The nuMSM, leptonic asymmetries, and properties of singlet fermions

TL;DR

This paper analyzes baryogenesis in the νMSM, a minimal SM extension with three light sterile neutrinos, by formulating a density-matrix kinetic framework that captures CP violation, quantum coherence, and damping in the early Universe. It identifies the CP-violating phase that drives baryogenesis, shows that coherence between the nearly degenerate heavy neutrinos is essential for generating a lepton asymmetry, and maps the viable mass and Yukawa-coupling space across several mass-difference scenarios. The results indicate that successful baryogenesis is possible for a broad range of heavy-neutrino masses with near-degeneracy, and that large lepton asymmetries at low temperatures—which can enhance resonant production of dark matter sterile neutrinos—are achievable only in specific parameter regions (notably Scenario IIa with tuned mass splitting). The work connects these cosmological outcomes to potential accelerator and astrophysical tests, and discusses fine-tunings and possible underlying symmetries that could explain the required parameter patterns, suggesting νMSM as a coherent framework for neutrino masses, baryogenesis, and dark matter in a single model.

Abstract

We study in detail the mechanism of baryon and lepton asymmetry generation in the framework of the $ν$MSM (an extension of the Standard Model by three singlet fermions with masses smaller than the electroweak scale). We elucidate the issue of CP-violation in the model and define the phase relevant for baryogenesis. We clarify the question of quantum-mechanical coherence, essential for the lepton asymmetry generation in singlet fermion oscillations and compute the relevant damping rates.
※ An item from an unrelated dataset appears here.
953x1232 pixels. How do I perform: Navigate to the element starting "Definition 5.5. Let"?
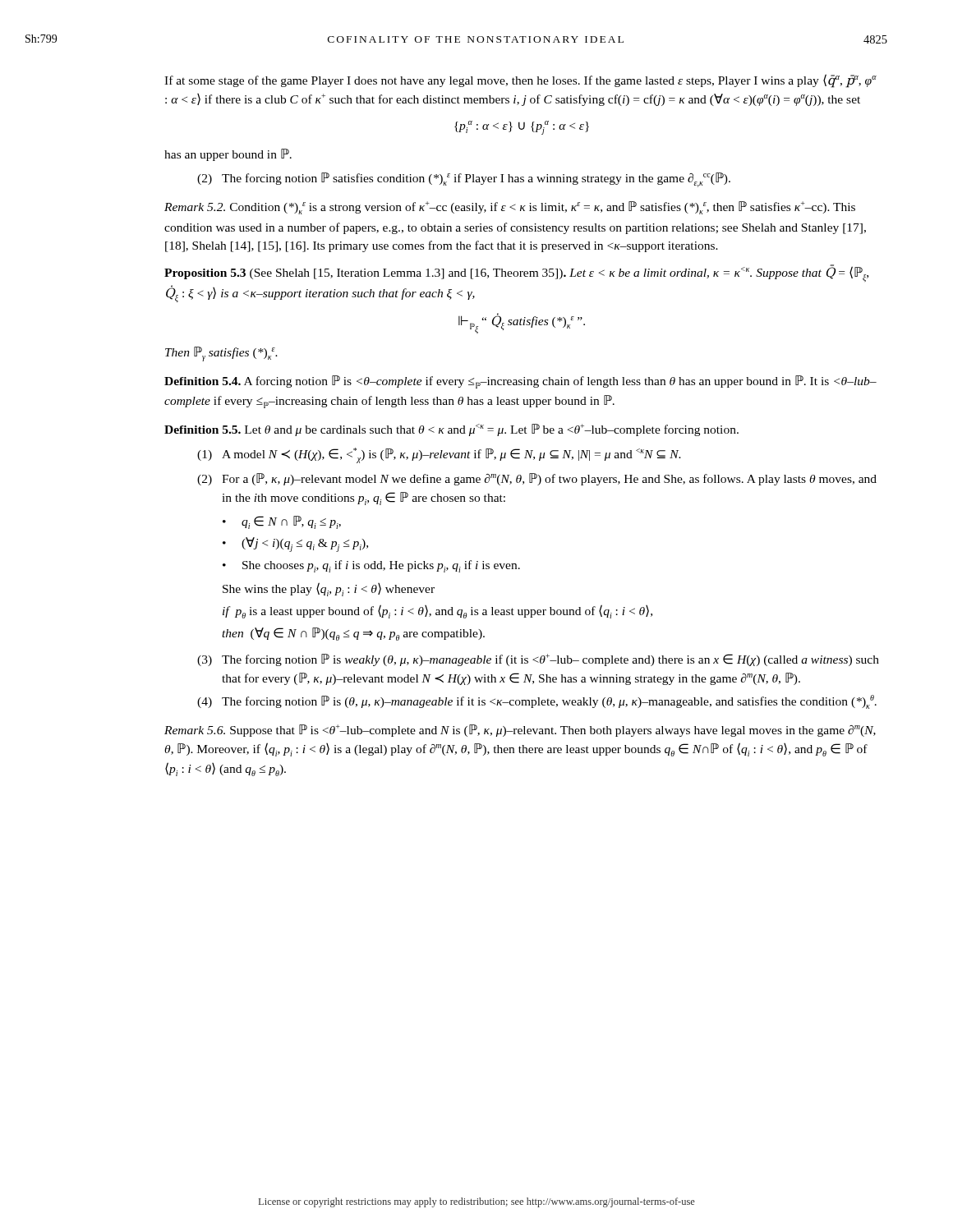pos(522,430)

The range of masses and couplings of singlet leptons which can lead to successful baryogenesis is determined. The conditions which ensure survival of primordial (existing above the electroweak temperatures) asymmetries in different leptonic numbers are analysed. We address the question whether CP-violating reactions with lepton number non-conservation can produce leptonic asymmetry {\em below} the sphaleron freeze-out temperature. This asymmetry, if created, leads to resonant production of dark matter sterile neutrinos. We show that the requirement that a significant lepton asymmetry be produced puts stringent constraints on the properties of a pair of nearly degenerate singlet fermions, which can be tested in accelerator experiments. In this region of parameters the $ν$MSM provides a common mechanism for production of baryonic matter and dark matter in the universe. We analyse different fine-tunings of the model and discuss possible symmetries of the $ν$MSM Lagrangian that can lead to them.

Figures (16)

• Figure 1: Diagrams for the processes which contribute to equilibration rates.
• Figure 2: "Soft" contribution to the mass difference of singlet fermions coming from electroweak spontaneous symmetry breaking (lower panel) and from radiative correction (upper panel). Non-zero temperature neutrino propagator has to be used.
• Figure 3: The temperature derivative of the yield parameter related to the rate $R(T,M)$ for the Higgs mass $m_H=200$ GeV, $F=F_0$ and different values of the singlet fermion mass (left panel). Right panel: the same for $R_M(T,M)$.
• Figure 4: The ratio of the integrated rate to the equilibrium concentration of the singlet fermions for $F=F_0$ as a function of temperature (in GeV). The system enters in thermal equilibrium when this ratio is equal to one. Left panel: $M=0.14$ GeV, right panel: $M=4$ GeV.
• Figure 5: The temperatures (in GeV) $T_+$ (upper curves), $T_-$ (lower curves) and the peak rate temperature (central curves) as a function of singlet fermion mass (in GeV). Upper panels: normal hierarchy, lower panels: inverted hierarchy. Left panels: $\epsilon=1$, right panels: $\epsilon=0.1$.